Sunday, October 22, 2017

Going Boldly: When The Orville is more Trek Than Star Trek

If you’ve been paying attention to sci-fi tv shows of late, you are probably aware that Star Trek: Discovery (the latest tv-verse Trek show in quite some time) has finally made it to air. After a lot of behind the scenes drama (creator Bryan Fuller jumping ship primary among them) it is finally here and it just so happens that this season also saw the release of Seth MacFarlane’s The Orville. While there is some debate of whether it was supposed to be a straight comedy or a Trek parody, it definitely has tones of Trek in its DNA. And therein lies the problem. Because The Orville, to me, feels like it belongs in the Star Trek universe more than Star Trek: Discovery.

Let’s start with the cast of characters first. Within the first episode of The Orville, we’ve met the core crew of the ship and by episode 2 we’ve learned enough about each of them to relate to them in some way. Yes, the constant reminders of Captain Mercer and Lt. Greyson’s failed marriage due to her infidelity was a bit grating at first, but it gave us real insight into these characters and what we could expect moving forward. Sure, there are some things that seem kind of gimmicky (every time Ed can’t open a door, he asks his super strong crewmember, Alara, to “open this jar of pickles”) but we really get to see how these people interact with one another. I really enjoyed the episode where we got to see the Machlin culture and their perceptions on gender and gender identity.

In contrast, the first two episodes of Discovery only introduce us to two of the characters with whom we’d be going on this journey: Lt. Michael Burnham and Commander Saru. Everyone else (for the most part) is dead by episode 2’s end. We don’t actually meet the crew we are supposed to be spending the season with until episode 3 and even then, we barely know anything about them. I suppose we know the most about Burnham’s new roommate by the sheer fact she won’t shut up about her issues. The ship and the rest of its crew is shrouded in mystery and by that point in any show, if you aren’t connecting with at least one character, it’s not worth sticking around. I’ll be honest, I made it through episode 4 but by at that point, I still didn’t care about any of the characters and have since given up. Even the Klingons, which should feel familiar given their long history in the Trek universe, feel distant. I’m happily awaiting the next new episode of The Orville (episode 7) later this week.

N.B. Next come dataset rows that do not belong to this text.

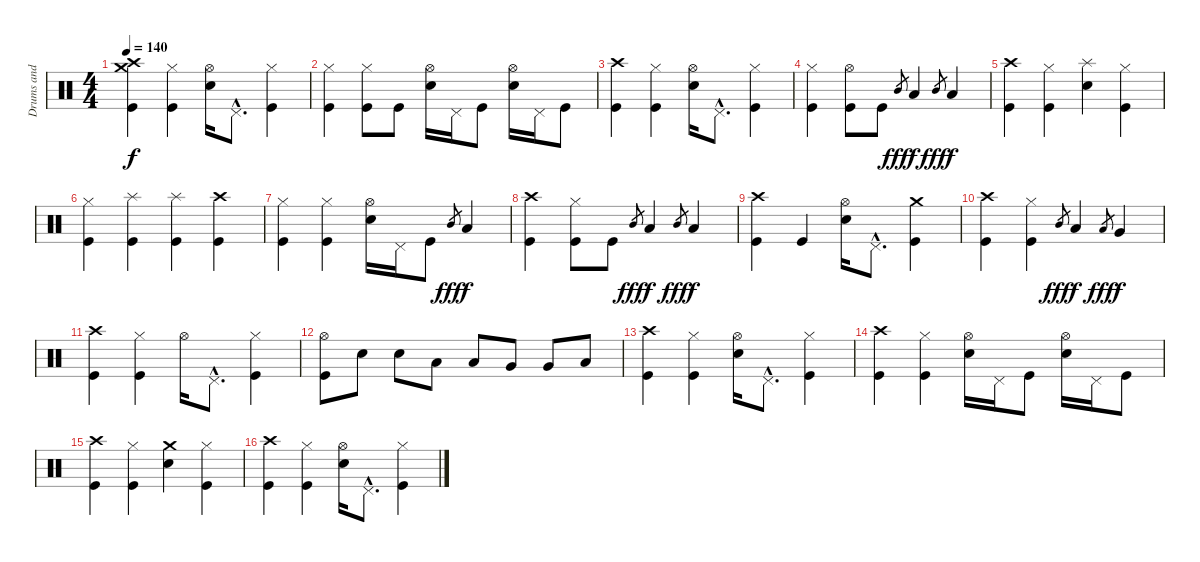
\track ("Drums and percussion" "Drums and ") {instrument percussion}
\staff {score}
\articulation defaults
\ts (4 4)
\tempo 140
\clef neutral
\ks c
("Crash high (hit)" "Crash medium (hit)" "Kick (hit)").4{dy f balance 8} ("Hi-Hat (closed)" "Kick (hit)").4 ("Hi-Hat (open)" "Electric Snare (hit)").16 "Pedal Hi-Hat (hit)"{hac}.8{d} ("Hi-Hat (closed)" "Kick (hit)").4 |
("Hi-Hat (closed)" "Kick (hit)").4 ("Hi-Hat (closed)" "Kick (hit)").8 "Kick (hit)".8 ("Hi-Hat (open)" "Electric Snare (hit)").16 "Pedal Hi-Hat (hit)".16 "Kick (hit)".8 ("Hi-Hat (open)" "Electric Snare (hit)").16 "Pedal Hi-Hat (hit)".16 "Kick (hit)".8 |
("Crash high (hit)" "Kick (hit)").4 ("Hi-Hat (closed)" "Kick (hit)").4 ("Hi-Hat (open)" "Electric Snare (hit)").16 "Pedal Hi-Hat (hit)"{hac}.8{d} ("Hi-Hat (closed)" "Kick (hit)").4 |
("Hi-Hat (closed)" "Kick (hit)").4 ("Hi-Hat (open)" "Kick (hit)").8 "Kick (hit)".8 "Mid Tom (hit)".8{gr dy fff} "Low Tom (hit)".4{dy f} "Mid Tom (hit)".8{gr dy fff} "Low Tom (hit)".4{dy f} |
("Crash high (hit)" "Kick (hit)").4 ("Hi-Hat (closed)" "Kick (hit)").4 ("Splash (hit)" "Electric Snare (hit)").4 ("Hi-Hat (closed)" "Kick (hit)").4 |
("Hi-Hat (closed)" "Kick (hit)").4 ("Splash (hit)" "Kick (hit)").4 ("Splash (hit)" "Kick (hit)").4 ("Crash high (hit)" "Kick (hit)").4 |
("Hi-Hat (closed)" "Kick (hit)").4 ("Hi-Hat (closed)" "Kick (hit)").4 ("Hi-Hat (open)" "Electric Snare (hit)").16 "Pedal Hi-Hat (hit)".16 "Kick (hit)".8 "Mid Tom (hit)".8{gr dy fff} "Low Tom (hit)".4{dy f} |
("Crash high (hit)" "Kick (hit)").4 ("Hi-Hat (closed)" "Kick (hit)").8 "Kick (hit)".8 "Mid Tom (hit)".8{gr dy fff} "Low Tom (hit)".4{dy f} "Mid Tom (hit)".8{gr dy fff} "Low Tom (hit)".4{dy f} |
("Crash high (hit)" "Kick (hit)").4 "Kick (hit)".4 ("Hi-Hat (open)" "Electric Snare (hit)").16 "Pedal Hi-Hat (hit)"{hac}.8{d} ("Crash medium (hit)" "Kick (hit)").4 |
("Crash high (hit)" "Kick (hit)").4 ("Hi-Hat (closed)" "Kick (hit)").4 "Mid Tom (hit)".8{gr dy fff} "Low Tom (hit)".4{dy f} "Low Tom (hit)".8{gr dy fff} "Very Low Tom (hit)".4{dy f} |
("Crash high (hit)" "Kick (hit)").4 ("Hi-Hat (closed)" "Kick (hit)").4 "Hi-Hat (open)".16 "Pedal Hi-Hat (hit)"{hac}.8{d} ("Hi-Hat (closed)" "Kick (hit)").4 |
("Hi-Hat (open)" "Kick (hit)").8 "Electric Snare (hit)".8 "Electric Snare (hit)".8 "Low Tom (hit)".8 "Low Tom (hit)".8 "Very Low Tom (hit)".8 "Very Low Tom (hit)".8 "Low Floor Tom (hit)".8 |
("Crash high (hit)" "Kick (hit)").4 ("Hi-Hat (closed)" "Kick (hit)").4 ("Hi-Hat (open)" "Electric Snare (hit)").16 "Pedal Hi-Hat (hit)"{hac}.8{d} ("Hi-Hat (closed)" "Kick (hit)").4 |
("Crash high (hit)" "Kick (hit)").4 ("Hi-Hat (closed)" "Kick (hit)").4 ("Hi-Hat (open)" "Electric Snare (hit)").16 "Pedal Hi-Hat (hit)".16 "Kick (hit)".8 ("Hi-Hat (open)" "Electric Snare (hit)").16 "Pedal Hi-Hat (hit)".16 "Kick (hit)".8 |
("Crash high (hit)" "Kick (hit)").4 ("Hi-Hat (closed)" "Kick (hit)").4 ("Crash medium (hit)" "Electric Snare (hit)").4 ("Hi-Hat (closed)" "Kick (hit)").4 |
("Crash high (hit)" "Kick (hit)").4 ("Hi-Hat (closed)" "Kick (hit)").4 ("Hi-Hat (open)" "Electric Snare (hit)").16 "Pedal Hi-Hat (hit)"{hac}.8{d} ("Hi-Hat (closed)" "Kick (hit)").4

I want to spend time with Ed, Kelly and the rest of their motley crew.

In terms of visual effects, I will give it to Discovery that it looks super slick and shiny with lots of cinematic effects. Honestly, it feels like it belongs in the film franchise universe, rather than the TV verse. That’s not to say that The Orville’s visual effects are terrible. They are quite good for a TV budget and we’ve come a long way in special effects for science fiction than when Trek first began. But, Discovery does have that slight edge here in presenting a prettier picture, if you will. A lot of the camera angles are used artfully as well on Discovery to convey the personal view, especially from Burnham’s perspective in the first episode. I also have to ding The Orville just a bit for their overdramatic musical cues. They’ve been toned down a little (or maybe I’ve gotten used to them) but the first few episodes, the music was way overdone and too loud.

But even pretty pictures aren’t enough to overcome the lackluster characters and the plot that feels the most un-Trek ever. By the end of episode 2, we are thrust into a brutal, bitter war between the Federation and the Klingons. It’s literally all about this war and its casualties and costs. I can’t remember a time when Star Trek dealt so heavily with such a plotline. It was always with an eye toward exploration and interaction of new cultures. It was a positive outlook on what life could be like centuries from now. Even Deep Space Nine, which arguably was the closest to Discovery in terms of dire battle cries had time for light-hearted episodes and wasn’t quite so dark and dismal. With the Orville, they don’t take themselves too seriously although they always manage to address topics that are kind of weighty with an interesting twist. The aforementioned Machlin plotline was very interesting to see how it resolved, even if it wasn’t what we the viewer (and many on the ship) expected. The Orville is very much an homage to the fun, meeting new people, vibe of the old Trek. And I feel like given our world these days, that’s the kind of show I want to watch.

I can’t even say that I would want to watch Discovery as a movie. At first, I wasn’t sure I cared about the massive change in the Klingon appearance (without any sort of explanation like what we got in later Trek years after The Original Series). But the more time we spent with them (in their dimly lit ships) I got annoyed. It didn’t help that for authenticity sake the Klingons primarily spoke in Klingon with English subtitles in a font that’s really hard to read. Ultimately, I was more than happy to give up watching Discovery to spend more time with Captain Mercer and his merry band of misfits traveling through the stars and just trying to have a good time along the way. It reminds me of The Next Generation and Voyager (my two favorites of the original run of shows) and that just makes me even more excited to check in with the USS Orville every week for a new adventure.